Movement as a vehicle for personal growth and awareness has been a long-standing practice in many traditions. Yoga, T'ai Chi, and Chi Gong are all meditative practices that use the body as a portal to experience a deeper sense of self by observing, feeling and guiding specific movements. You can transform walking into a meditative practice and learn to manage stress, relieve anxiety and deepen your sense of self.
Walking's innumerable health benefits have been well-researched and documented. From a reduction in heart disease, cancer and diabetes to increased mental cognition to an overall sense of well being, walking 4-5 times a week for 30-60 minutes improves the quality of your life. When you add conscious awareness and focus you have a recipe for an even more profound transformation.
One of the goals of meditating is to tame the mind's wanderings. In today's world there are so many distractions and so much to keep up with on a daily basis. Giving the mind time to rest is crucial for it to function optimally. Generally, the mind jumps from one subject to another, like a monkey jumping from branch to branch, losing its focus and often entering the dangerous territory of fear and negativity. Meditation brings the mind back to the here and now and to a singular, calming focus.
When you use walking as a meditative practice you will focus on listening to and directing the movements of your body. In the process, thoughts and emotions may also come into your awareness. Rather than allowing these triggers to kidnap your mind, you will choose to redirect your mind to your body. A walking meditation practice allows a quiet, focused mind to become an integral part of your life, whether you are walking through your office halls, walking in your neighborhood after dinner, or walking for fitness.
Here is a list of mind/body focuses for you to work with that will transform your walking into a meditative practice. Focus on them one at a time.

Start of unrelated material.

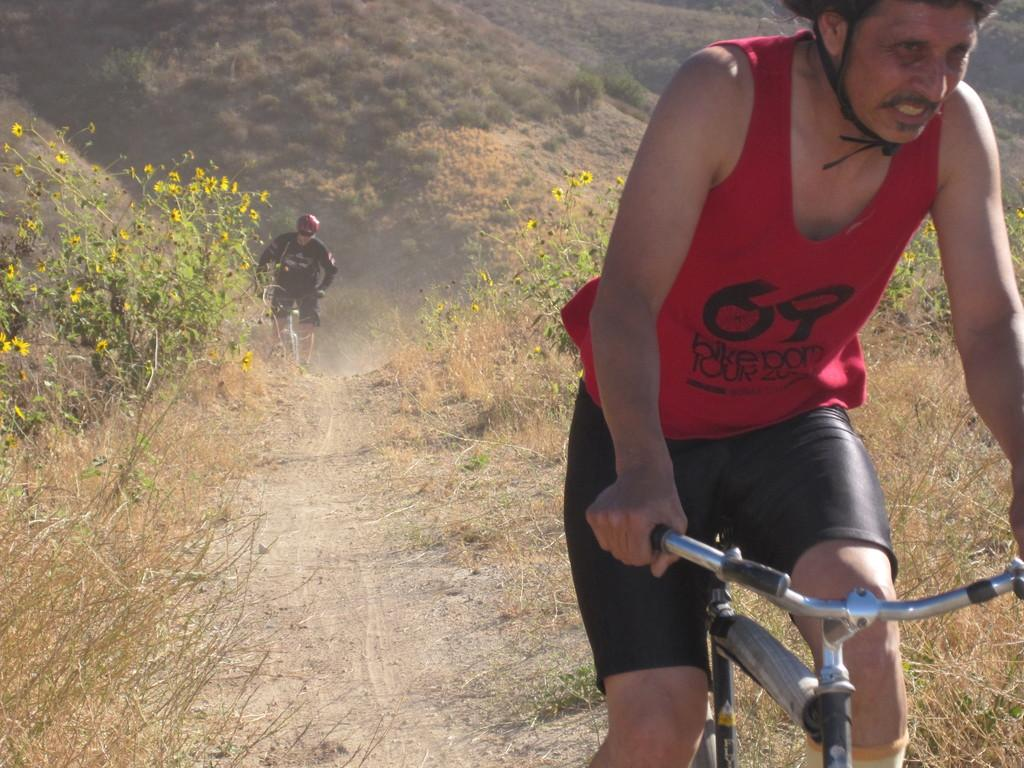How many people are in the image? There are two persons in the image. What are the two persons doing in the image? The two persons are riding a bicycle. Where is the bicycle located in the image? The bicycle is on a road. What can be seen in the background of the image? There is grass, flowering plants, and mountains in the background of the image. When was the image likely taken? The image was likely taken during the day, as there is sufficient light to see the details. What type of disease is affecting the bicycle in the image? There is no disease affecting the bicycle in the image; it appears to be in good condition. What scientific theory can be observed in the image? There is no scientific theory observable in the image; it is a photograph of two people riding a bicycle on a road.

Experiment and see which focuses work best for you.
- Start with a brief standing meditation. Stand with your feet hip width apart and balance your weight evenly on both feet. Take the time to feel the stability of the ground beneath you. Take a few deep breaths. Close your eyes and do a body scan of your whole body, starting at your feet. Scan up your legs to your knees. Bend them slightly to create softness and buoyancy. Continue up through your body and notice any soreness, tension or energy moving through your body. Make note of any sensations, thoughts or feelings and take the time to explore the sensations fully. You don't have to change anything, just "listen" and observe. Scan slowly all the way up your body to your face and head.